> [ASSIGNED TASK]: Every line from the beginning of the records below up to the one holding "text Benieuwd waar" should be quoted exactly; leave out the rest.

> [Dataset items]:

........

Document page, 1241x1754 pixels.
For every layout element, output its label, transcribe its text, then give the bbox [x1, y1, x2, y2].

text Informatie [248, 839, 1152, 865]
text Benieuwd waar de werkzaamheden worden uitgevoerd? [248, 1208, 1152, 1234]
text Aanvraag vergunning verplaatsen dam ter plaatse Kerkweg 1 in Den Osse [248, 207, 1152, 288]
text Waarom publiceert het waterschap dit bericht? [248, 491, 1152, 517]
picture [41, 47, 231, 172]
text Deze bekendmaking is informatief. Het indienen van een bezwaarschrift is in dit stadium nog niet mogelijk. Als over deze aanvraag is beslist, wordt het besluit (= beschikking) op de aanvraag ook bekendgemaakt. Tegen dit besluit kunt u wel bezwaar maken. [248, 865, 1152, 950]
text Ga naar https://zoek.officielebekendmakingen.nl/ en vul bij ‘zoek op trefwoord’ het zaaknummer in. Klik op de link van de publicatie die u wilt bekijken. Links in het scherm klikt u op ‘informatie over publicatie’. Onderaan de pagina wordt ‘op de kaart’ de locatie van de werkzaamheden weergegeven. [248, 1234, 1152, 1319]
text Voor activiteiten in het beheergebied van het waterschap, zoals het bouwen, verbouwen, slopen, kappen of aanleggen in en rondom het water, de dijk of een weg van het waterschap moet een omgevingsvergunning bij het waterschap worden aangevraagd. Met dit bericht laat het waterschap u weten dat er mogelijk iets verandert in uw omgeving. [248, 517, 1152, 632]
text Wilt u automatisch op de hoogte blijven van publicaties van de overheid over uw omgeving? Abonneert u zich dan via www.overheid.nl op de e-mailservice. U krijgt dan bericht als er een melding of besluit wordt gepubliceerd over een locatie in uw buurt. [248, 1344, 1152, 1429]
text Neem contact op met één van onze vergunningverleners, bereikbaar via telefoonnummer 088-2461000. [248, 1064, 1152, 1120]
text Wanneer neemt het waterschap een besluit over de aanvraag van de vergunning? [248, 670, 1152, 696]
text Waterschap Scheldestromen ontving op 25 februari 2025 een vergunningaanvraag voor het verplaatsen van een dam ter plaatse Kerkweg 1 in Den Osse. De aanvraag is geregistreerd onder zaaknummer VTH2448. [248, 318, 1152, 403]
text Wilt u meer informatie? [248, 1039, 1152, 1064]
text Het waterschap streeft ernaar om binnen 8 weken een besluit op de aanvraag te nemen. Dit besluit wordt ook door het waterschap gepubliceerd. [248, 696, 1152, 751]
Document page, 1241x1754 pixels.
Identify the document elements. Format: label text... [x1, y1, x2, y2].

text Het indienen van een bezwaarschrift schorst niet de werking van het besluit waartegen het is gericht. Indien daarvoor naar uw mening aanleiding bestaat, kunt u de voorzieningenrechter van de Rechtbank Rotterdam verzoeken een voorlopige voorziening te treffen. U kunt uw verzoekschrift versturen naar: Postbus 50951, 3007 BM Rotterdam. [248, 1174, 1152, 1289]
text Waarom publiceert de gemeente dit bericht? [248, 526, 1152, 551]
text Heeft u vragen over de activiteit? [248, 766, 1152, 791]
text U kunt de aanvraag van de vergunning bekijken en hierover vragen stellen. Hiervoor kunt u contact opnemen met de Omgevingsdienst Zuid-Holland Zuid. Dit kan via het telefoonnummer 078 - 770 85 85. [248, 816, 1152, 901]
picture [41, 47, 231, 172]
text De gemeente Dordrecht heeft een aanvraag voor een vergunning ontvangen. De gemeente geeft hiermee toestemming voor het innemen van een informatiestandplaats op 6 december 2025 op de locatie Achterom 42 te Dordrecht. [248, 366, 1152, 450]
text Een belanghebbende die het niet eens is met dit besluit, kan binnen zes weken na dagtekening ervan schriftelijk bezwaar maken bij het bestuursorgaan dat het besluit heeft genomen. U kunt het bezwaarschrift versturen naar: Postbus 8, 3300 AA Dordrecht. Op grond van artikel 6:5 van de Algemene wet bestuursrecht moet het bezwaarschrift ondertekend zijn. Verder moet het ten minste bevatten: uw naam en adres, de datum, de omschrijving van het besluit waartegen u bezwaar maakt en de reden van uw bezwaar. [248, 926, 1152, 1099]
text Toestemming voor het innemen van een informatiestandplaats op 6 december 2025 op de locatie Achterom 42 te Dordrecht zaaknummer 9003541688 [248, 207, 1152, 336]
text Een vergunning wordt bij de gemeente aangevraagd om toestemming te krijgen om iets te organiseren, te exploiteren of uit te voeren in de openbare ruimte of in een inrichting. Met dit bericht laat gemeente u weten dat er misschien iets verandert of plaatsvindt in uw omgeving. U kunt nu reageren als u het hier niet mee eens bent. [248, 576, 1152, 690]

........

> [RESPONSE AREA]:
Document page, 1241x1754 pixels.
For every layout element, output its label, transcribe its text, then give the bbox [x1, y1, x2, y2].

text Informatie [248, 839, 1152, 865]
text Benieuwd waar de werkzaamheden worden uitgevoerd? [248, 1208, 1152, 1234]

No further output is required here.